▸ YOUR OBJECTIVE: One part of the entries below is wanted: the lines from the one containing "alignment teams (§9.10.2)</text>" through the one containing "and AI agents</text>". Write those out exactly and nothing else.

▸ Excerpts from a dataset:
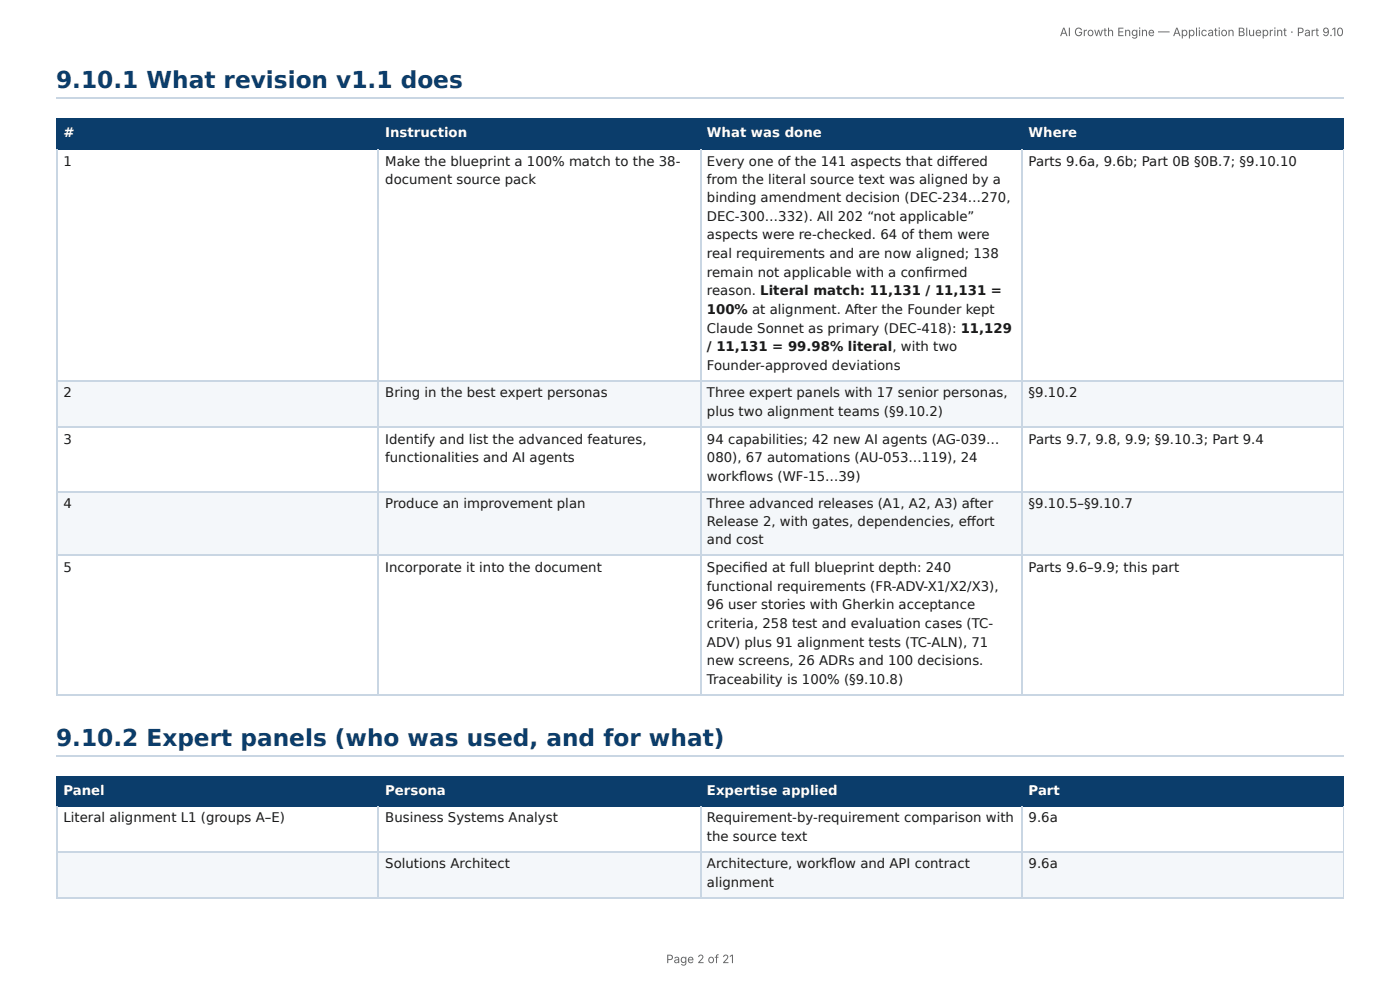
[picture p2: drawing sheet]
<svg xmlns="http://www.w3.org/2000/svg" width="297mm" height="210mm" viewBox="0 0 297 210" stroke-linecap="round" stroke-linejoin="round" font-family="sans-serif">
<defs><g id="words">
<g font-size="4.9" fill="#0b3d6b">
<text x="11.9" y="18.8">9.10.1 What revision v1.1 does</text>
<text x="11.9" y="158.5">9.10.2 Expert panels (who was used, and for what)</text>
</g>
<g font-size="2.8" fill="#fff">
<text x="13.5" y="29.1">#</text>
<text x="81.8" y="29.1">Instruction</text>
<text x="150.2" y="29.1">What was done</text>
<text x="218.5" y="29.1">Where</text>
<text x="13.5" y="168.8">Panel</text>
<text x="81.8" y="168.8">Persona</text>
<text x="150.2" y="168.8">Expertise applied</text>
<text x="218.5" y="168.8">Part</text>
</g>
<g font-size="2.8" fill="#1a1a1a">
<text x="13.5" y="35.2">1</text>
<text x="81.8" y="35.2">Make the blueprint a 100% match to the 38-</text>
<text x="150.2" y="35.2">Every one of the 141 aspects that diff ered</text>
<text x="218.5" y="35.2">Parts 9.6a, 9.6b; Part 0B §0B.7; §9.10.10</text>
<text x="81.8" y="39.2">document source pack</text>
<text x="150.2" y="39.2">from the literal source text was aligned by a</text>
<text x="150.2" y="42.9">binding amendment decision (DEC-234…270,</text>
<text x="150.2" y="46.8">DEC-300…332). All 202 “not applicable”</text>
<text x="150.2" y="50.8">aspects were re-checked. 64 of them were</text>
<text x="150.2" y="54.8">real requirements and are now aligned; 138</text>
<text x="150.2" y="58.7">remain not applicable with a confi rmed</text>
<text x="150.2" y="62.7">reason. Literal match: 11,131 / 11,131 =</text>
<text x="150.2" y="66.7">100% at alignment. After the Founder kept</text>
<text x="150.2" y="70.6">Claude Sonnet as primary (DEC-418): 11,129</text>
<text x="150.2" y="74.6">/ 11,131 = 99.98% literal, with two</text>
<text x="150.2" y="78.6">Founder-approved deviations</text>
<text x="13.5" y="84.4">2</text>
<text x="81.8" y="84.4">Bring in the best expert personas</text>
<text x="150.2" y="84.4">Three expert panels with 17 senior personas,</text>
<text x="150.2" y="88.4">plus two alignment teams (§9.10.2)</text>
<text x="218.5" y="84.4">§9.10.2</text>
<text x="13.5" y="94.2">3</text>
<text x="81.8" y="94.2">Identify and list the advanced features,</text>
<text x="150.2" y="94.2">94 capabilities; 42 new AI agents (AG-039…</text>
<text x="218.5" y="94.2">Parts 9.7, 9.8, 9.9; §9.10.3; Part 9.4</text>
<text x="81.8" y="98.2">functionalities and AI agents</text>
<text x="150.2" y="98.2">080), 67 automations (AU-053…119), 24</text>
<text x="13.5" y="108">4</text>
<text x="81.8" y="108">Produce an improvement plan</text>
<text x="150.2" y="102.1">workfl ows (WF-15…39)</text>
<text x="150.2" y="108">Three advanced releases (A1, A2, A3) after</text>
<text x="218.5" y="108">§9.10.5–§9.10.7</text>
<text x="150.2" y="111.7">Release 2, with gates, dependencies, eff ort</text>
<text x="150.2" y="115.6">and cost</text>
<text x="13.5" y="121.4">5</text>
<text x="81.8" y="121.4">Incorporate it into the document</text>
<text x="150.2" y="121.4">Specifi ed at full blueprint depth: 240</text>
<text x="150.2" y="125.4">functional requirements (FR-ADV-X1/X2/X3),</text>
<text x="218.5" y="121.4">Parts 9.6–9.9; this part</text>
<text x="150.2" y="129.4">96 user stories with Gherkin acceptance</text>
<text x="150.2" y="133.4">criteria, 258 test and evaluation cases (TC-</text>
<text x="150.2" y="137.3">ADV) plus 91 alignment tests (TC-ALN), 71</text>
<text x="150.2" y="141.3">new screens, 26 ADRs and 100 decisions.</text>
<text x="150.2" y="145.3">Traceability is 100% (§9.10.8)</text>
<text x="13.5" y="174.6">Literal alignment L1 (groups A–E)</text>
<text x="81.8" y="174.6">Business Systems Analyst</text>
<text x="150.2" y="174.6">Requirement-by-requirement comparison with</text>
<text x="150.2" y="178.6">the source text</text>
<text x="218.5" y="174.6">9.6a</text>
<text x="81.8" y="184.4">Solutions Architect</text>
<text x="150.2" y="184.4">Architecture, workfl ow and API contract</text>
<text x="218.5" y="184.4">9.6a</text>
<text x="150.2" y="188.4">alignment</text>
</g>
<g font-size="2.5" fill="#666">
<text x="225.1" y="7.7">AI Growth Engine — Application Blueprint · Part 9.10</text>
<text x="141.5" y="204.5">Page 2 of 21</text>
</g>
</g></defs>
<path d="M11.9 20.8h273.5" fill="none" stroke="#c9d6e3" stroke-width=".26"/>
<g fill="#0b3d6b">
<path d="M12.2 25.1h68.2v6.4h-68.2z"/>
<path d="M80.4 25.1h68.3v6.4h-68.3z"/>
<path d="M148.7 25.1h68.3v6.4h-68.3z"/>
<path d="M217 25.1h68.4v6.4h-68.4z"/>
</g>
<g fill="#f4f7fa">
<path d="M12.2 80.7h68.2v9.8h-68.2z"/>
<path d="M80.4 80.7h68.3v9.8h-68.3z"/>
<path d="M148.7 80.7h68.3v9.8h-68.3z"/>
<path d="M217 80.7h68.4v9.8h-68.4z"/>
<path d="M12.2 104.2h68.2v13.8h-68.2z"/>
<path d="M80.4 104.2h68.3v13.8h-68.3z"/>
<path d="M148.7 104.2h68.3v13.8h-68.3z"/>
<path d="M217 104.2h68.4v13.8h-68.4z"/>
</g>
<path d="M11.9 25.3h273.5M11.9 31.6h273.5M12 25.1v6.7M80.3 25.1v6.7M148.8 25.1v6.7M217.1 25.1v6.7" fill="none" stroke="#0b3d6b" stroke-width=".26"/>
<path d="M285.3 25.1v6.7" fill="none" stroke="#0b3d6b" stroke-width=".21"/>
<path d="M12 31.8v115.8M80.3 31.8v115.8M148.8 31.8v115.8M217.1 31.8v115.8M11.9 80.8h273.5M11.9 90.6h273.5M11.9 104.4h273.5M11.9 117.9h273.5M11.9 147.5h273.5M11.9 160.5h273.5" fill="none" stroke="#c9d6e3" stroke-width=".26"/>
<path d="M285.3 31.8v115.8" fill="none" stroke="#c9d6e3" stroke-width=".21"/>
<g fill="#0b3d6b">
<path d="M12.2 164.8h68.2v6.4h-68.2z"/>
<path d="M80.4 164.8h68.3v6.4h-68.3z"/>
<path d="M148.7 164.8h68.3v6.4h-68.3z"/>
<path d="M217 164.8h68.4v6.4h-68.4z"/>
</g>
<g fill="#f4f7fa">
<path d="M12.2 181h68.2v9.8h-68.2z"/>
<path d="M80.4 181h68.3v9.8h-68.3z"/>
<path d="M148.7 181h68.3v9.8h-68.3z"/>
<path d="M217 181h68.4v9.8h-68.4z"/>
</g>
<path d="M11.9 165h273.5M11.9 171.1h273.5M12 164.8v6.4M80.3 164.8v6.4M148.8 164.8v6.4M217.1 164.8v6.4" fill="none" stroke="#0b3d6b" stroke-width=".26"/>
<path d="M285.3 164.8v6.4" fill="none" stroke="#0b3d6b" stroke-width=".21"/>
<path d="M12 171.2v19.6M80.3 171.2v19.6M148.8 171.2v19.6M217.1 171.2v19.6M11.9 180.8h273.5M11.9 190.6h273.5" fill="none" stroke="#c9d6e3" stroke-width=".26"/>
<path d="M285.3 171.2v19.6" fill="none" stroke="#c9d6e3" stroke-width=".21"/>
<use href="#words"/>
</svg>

▸ SOLUTION TO THE PROBLEM:
<text x="150.2" y="88.4">plus two alignment teams (§9.10.2)</text>
<text x="218.5" y="84.4">§9.10.2</text>
<text x="13.5" y="94.2">3</text>
<text x="81.8" y="94.2">Identify and list the advanced features,</text>
<text x="150.2" y="94.2">94 capabilities; 42 new AI agents (AG-039…</text>
<text x="218.5" y="94.2">Parts 9.7, 9.8, 9.9; §9.10.3; Part 9.4</text>
<text x="81.8" y="98.2">functionalities and AI agents</text>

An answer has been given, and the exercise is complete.